* Your goal *
Pictures are not part of the copy; reproduce the remaining data exactly.

Records from a dataset:
----------------
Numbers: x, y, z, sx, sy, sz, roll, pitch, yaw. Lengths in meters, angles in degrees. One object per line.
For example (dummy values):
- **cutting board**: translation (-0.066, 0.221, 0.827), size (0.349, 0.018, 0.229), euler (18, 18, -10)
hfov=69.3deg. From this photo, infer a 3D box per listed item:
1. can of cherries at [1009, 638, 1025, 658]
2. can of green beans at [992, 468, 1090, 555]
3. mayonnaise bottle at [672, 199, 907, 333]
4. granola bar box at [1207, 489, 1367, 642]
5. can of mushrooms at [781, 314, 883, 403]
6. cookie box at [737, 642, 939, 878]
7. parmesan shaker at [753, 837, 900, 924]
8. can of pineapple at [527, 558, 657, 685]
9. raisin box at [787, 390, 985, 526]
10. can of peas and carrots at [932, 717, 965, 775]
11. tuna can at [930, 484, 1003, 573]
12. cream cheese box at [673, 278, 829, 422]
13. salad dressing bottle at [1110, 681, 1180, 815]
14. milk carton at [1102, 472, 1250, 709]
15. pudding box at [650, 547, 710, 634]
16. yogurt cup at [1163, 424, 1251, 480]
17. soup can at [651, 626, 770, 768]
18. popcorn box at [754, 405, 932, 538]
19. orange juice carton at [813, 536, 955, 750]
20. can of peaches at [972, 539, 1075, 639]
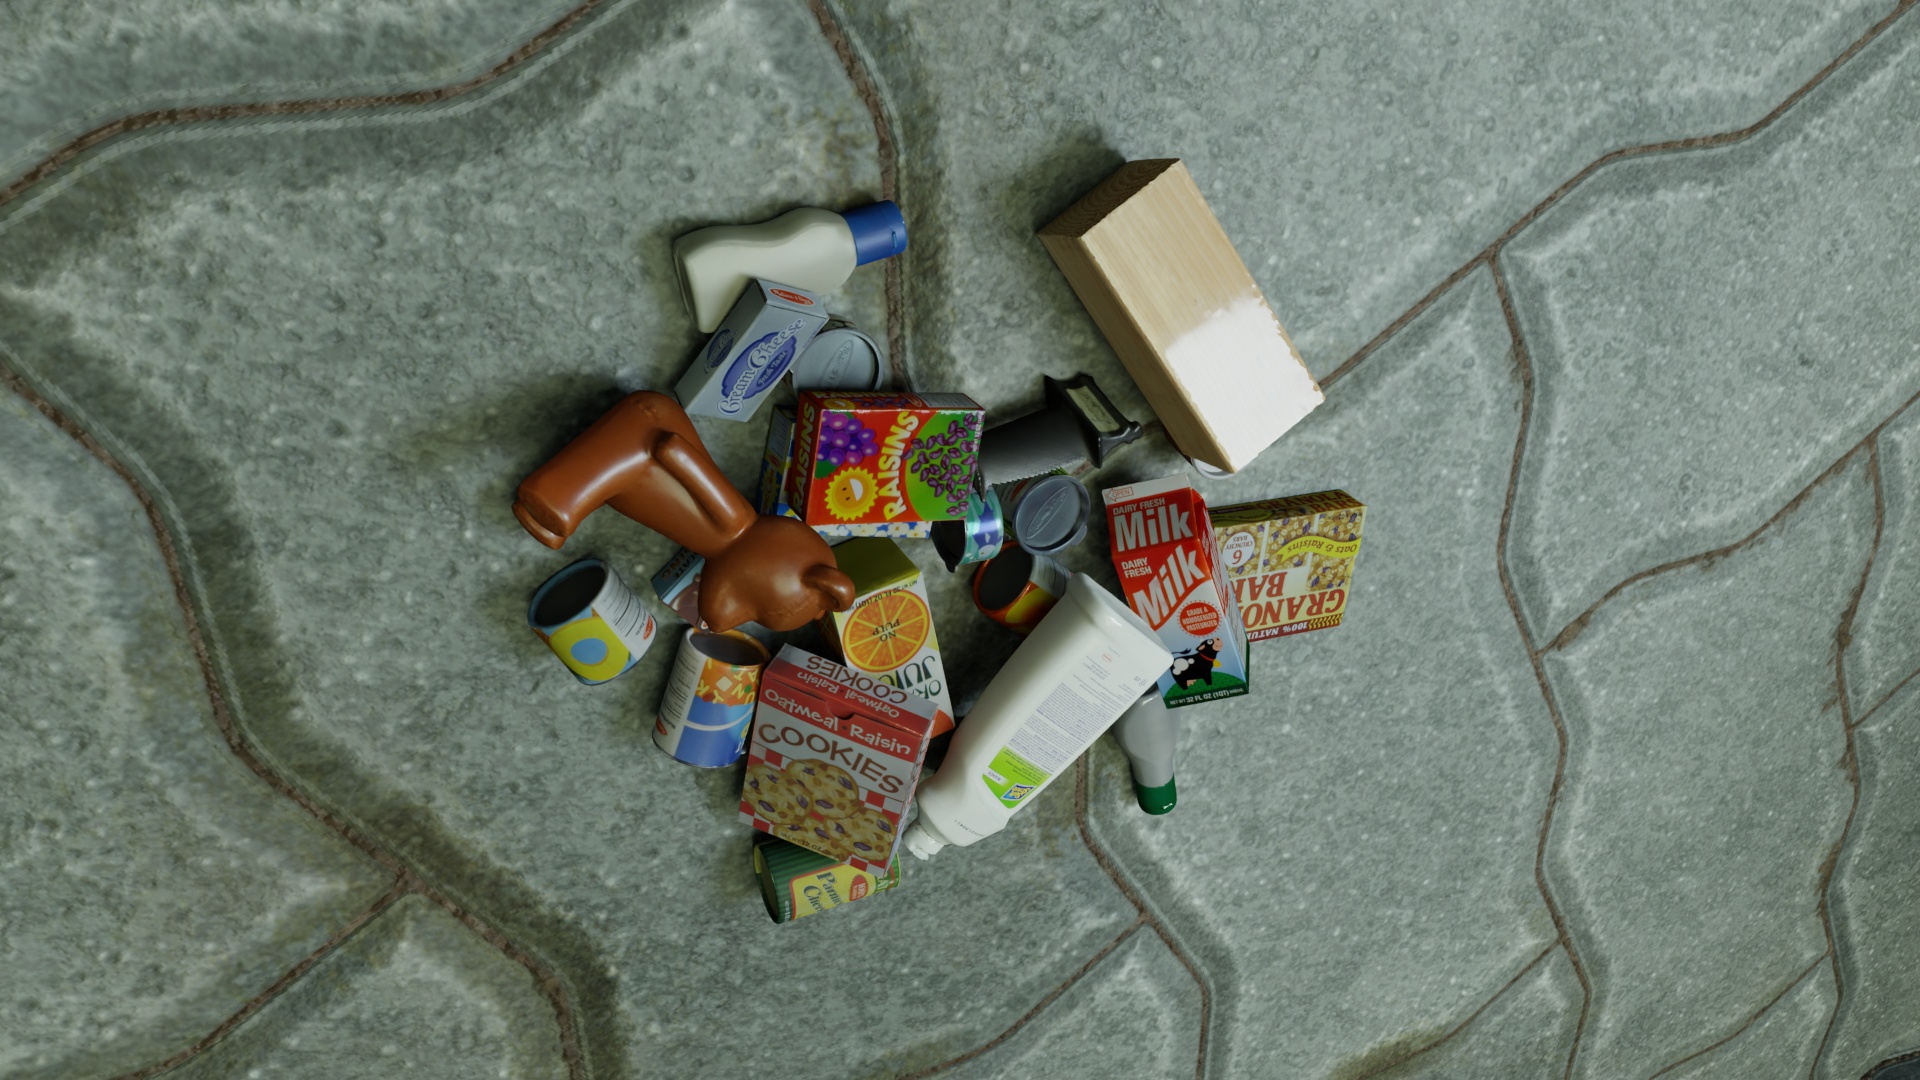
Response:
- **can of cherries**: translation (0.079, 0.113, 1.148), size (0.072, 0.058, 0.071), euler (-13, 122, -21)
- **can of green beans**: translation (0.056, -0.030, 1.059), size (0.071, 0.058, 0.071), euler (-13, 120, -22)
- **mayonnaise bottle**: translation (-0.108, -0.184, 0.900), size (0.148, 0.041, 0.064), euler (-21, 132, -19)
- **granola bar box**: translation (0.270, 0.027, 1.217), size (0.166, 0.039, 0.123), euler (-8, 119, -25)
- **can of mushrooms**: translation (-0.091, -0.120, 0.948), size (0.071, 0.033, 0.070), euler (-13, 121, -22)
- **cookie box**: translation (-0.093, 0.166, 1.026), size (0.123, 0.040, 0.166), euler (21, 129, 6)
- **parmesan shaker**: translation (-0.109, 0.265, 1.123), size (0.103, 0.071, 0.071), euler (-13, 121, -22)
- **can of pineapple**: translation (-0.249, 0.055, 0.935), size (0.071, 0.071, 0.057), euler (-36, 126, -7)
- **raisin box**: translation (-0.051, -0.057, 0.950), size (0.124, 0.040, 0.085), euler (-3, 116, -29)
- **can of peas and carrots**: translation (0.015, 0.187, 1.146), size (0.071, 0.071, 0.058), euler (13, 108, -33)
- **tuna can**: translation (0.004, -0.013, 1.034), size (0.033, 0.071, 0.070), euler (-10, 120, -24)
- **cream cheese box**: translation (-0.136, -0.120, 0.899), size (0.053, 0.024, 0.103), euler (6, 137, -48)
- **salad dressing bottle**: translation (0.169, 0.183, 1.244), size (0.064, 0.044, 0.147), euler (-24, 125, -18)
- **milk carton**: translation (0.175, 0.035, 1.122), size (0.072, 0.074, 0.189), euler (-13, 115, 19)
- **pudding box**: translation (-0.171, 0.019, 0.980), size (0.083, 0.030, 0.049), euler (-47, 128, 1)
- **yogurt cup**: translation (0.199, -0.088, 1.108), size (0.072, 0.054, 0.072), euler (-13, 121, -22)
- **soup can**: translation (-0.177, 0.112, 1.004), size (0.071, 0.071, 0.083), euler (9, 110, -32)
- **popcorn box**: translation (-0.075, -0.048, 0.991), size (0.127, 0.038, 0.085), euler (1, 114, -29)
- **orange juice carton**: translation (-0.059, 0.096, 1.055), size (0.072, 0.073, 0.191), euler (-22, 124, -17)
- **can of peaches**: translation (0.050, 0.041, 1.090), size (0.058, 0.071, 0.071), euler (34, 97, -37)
----------------
* Solved exercise *
Numbers: x, y, z, sx, sy, sz, roll, pitch, yaw. Lengths in meters, angles in degrees. One object per line.
For example (dummy values):
- **cutting board**: translation (-0.066, 0.221, 0.827), size (0.349, 0.018, 0.229), euler (18, 18, -10)
hfov=69.3deg. From this photo, infer a 3D box per listed item:
1. can of cherries at [1009, 638, 1025, 658]
2. can of green beans at [992, 468, 1090, 555]
3. mayonnaise bottle at [672, 199, 907, 333]
4. granola bar box at [1207, 489, 1367, 642]
5. can of mushrooms at [781, 314, 883, 403]
6. cookie box at [737, 642, 939, 878]
7. parmesan shaker at [753, 837, 900, 924]
8. can of pineapple at [527, 558, 657, 685]
9. raisin box at [787, 390, 985, 526]
10. can of peas and carrots at [932, 717, 965, 775]
11. tuna can at [930, 484, 1003, 573]
12. cream cheese box at [673, 278, 829, 422]
13. salad dressing bottle at [1110, 681, 1180, 815]
14. milk carton at [1102, 472, 1250, 709]
15. pudding box at [650, 547, 710, 634]
16. yogurt cup at [1163, 424, 1251, 480]
17. soup can at [651, 626, 770, 768]
18. popcorn box at [754, 405, 932, 538]
19. orange juice carton at [813, 536, 955, 750]
20. can of peaches at [972, 539, 1075, 639]
Response:
- **can of cherries**: translation (0.079, 0.113, 1.148), size (0.072, 0.058, 0.071), euler (-13, 122, -21)
- **can of green beans**: translation (0.056, -0.030, 1.059), size (0.071, 0.058, 0.071), euler (-13, 120, -22)
- **mayonnaise bottle**: translation (-0.108, -0.184, 0.900), size (0.148, 0.041, 0.064), euler (-21, 132, -19)
- **granola bar box**: translation (0.270, 0.027, 1.217), size (0.166, 0.039, 0.123), euler (-8, 119, -25)
- **can of mushrooms**: translation (-0.091, -0.120, 0.948), size (0.071, 0.033, 0.070), euler (-13, 121, -22)
- **cookie box**: translation (-0.093, 0.166, 1.026), size (0.123, 0.040, 0.166), euler (21, 129, 6)
- **parmesan shaker**: translation (-0.109, 0.265, 1.123), size (0.103, 0.071, 0.071), euler (-13, 121, -22)
- **can of pineapple**: translation (-0.249, 0.055, 0.935), size (0.071, 0.071, 0.057), euler (-36, 126, -7)
- **raisin box**: translation (-0.051, -0.057, 0.950), size (0.124, 0.040, 0.085), euler (-3, 116, -29)
- **can of peas and carrots**: translation (0.015, 0.187, 1.146), size (0.071, 0.071, 0.058), euler (13, 108, -33)
- **tuna can**: translation (0.004, -0.013, 1.034), size (0.033, 0.071, 0.070), euler (-10, 120, -24)
- **cream cheese box**: translation (-0.136, -0.120, 0.899), size (0.053, 0.024, 0.103), euler (6, 137, -48)
- **salad dressing bottle**: translation (0.169, 0.183, 1.244), size (0.064, 0.044, 0.147), euler (-24, 125, -18)
- **milk carton**: translation (0.175, 0.035, 1.122), size (0.072, 0.074, 0.189), euler (-13, 115, 19)
- **pudding box**: translation (-0.171, 0.019, 0.980), size (0.083, 0.030, 0.049), euler (-47, 128, 1)
- **yogurt cup**: translation (0.199, -0.088, 1.108), size (0.072, 0.054, 0.072), euler (-13, 121, -22)
- **soup can**: translation (-0.177, 0.112, 1.004), size (0.071, 0.071, 0.083), euler (9, 110, -32)
- **popcorn box**: translation (-0.075, -0.048, 0.991), size (0.127, 0.038, 0.085), euler (1, 114, -29)
- **orange juice carton**: translation (-0.059, 0.096, 1.055), size (0.072, 0.073, 0.191), euler (-22, 124, -17)
- **can of peaches**: translation (0.050, 0.041, 1.090), size (0.058, 0.071, 0.071), euler (34, 97, -37)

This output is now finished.